Republic of the Philippines
SUPREME COURT
Manila
EN BANC
G.R. No. L-2765 December 27, 1906
JOSE DOLIENDO, plaintiff-appellee,
vs.
DOMINGO BIARNESA, defendant-appellant.
Ledesma, Sumulong & Quintos for appellant.
Rothrock & Foss and Smith & Hargis for appellee.
CARSON, J.:
This is an action for the possession of a certain parcel of land situated in the Province of Iloilo and specifically described in the complaint. It appears from the evidence that the plaintiff bought the land in question from one Ventura Belarmino on the 30th of November, 1888, on which day he paid the purchase price and took possession; that the vendor, Ventura Belarmino, died on the 20th of July, 1889; that thereafter proceedings were instituted against the estate of the said Ventura Belarmino, deceased, on account of certain alleged shortages in his official accounts as cabeza de barangay, which resulted in a sale at public auction of certain real and personal property (which it was alleged, was bound for the payment of said shortages) by the commissioner appointed for the purpose of making such sales; that the parcel of land in question in this action was included in the property thus sold; that the defendant was the purchaser of this land at the public sale and that some time thereafter, and not later than the 31st of December, 1892, he took possession by virtue of his purchase at said public auction and continued in possession until the 18th day of February, 1903, when this action was instituted.

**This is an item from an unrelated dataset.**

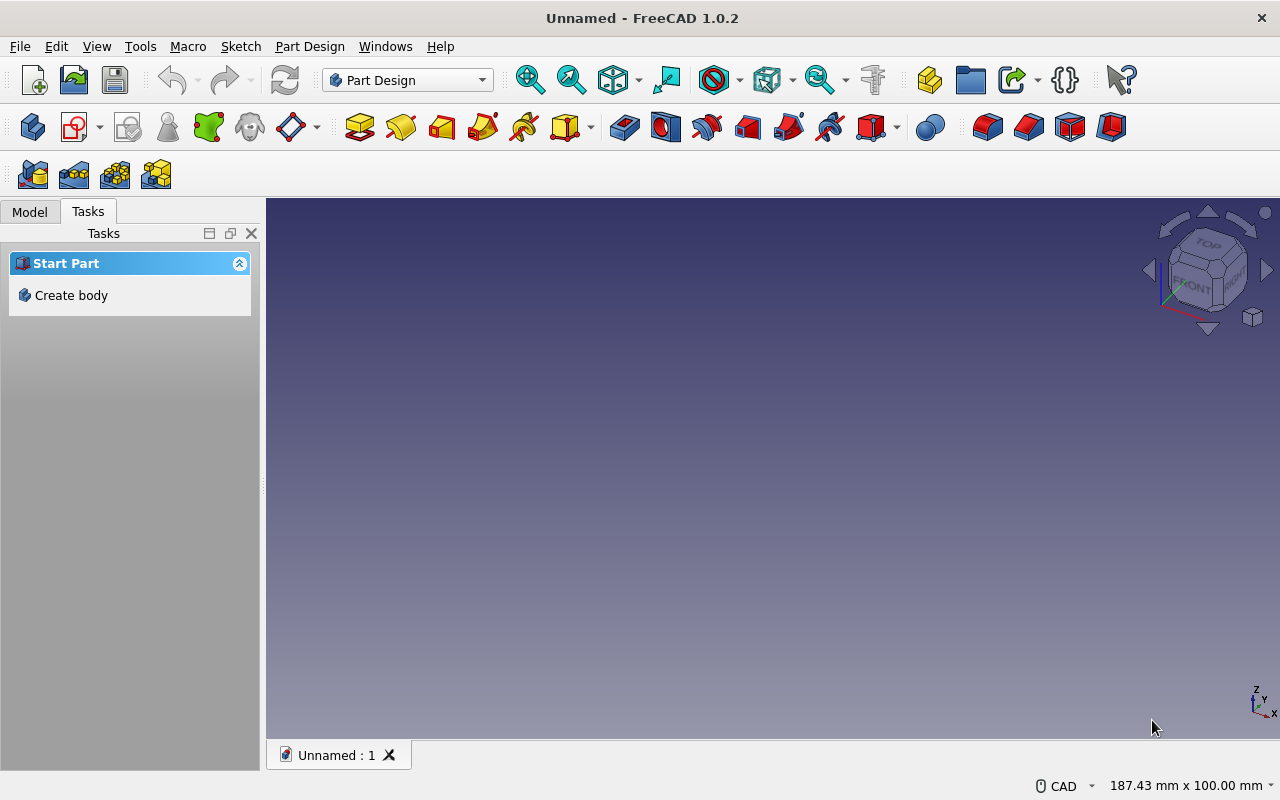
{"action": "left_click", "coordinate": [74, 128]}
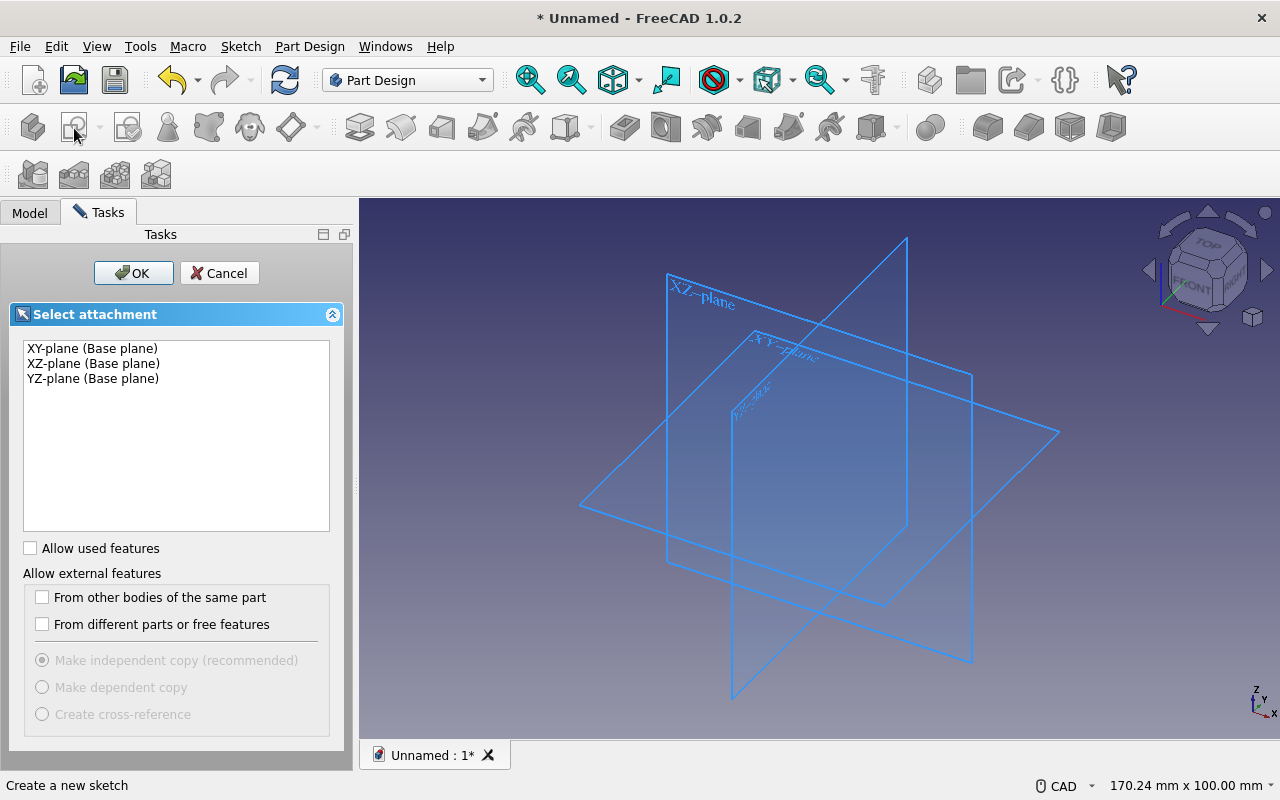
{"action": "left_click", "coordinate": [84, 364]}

The plaintiff alleges that the description of the land actually sold at the public sale does not conform to the description of the land in question, but we think that the evidence introduced by the plaintiff himself leaves little doubt as to the point. At the time of the public sale, and immediately prior thereto, the plaintiff vigorously protested on the ground that the land which was about to be sold was his property and had been purchased by him from the said Ventura Belarmino, and in the light of this protest and in consideration of all the evidence of record we are satisfied that the land in question in the complaint must be taken to be included in the description of the land originally sold to the plaintiff at private sale and later sold to the defendant at public auction.
It is admitted that the defendant had been in possession more than ten years prior to the institution of this action and he must, therefore, be held to have acquired a title by prescription under the provisions of article 1957 of the Civil Code if it appear that this possession was con buena fe y justo titulo. The evidence conclusively establishes that the public auction did, in fact, take place; that the defendant was the highest bidder for the property sold and was declared to be the purchaser and that he took possession of the land in question under and by virtue of said sale.
This evidence, we think, was sufficient to establish the fact that the defendant was in possession con justo titulo — of the Civil Code — because, granting that the debtor was the owner of the property at the time of the sale, this sale of land at public auction by a commissioner appointed for the making of such sales and the payment of the purchase price and occupation of the land purchased were sufficient to transfer the ownership to the purchaser provided these proceedings where had in accordance with law; and since there was no evidence which tended to show that the defendant occupied the land in bad faith, or that he had any reason to believe that the commissioner selling it had no authority to sell, or that he could not lawfully purchase at the sale, he must be deemed to have purchased in buena fe (good faith) in accordance with the provisions of articles 436 and 1950 of the Civil Code.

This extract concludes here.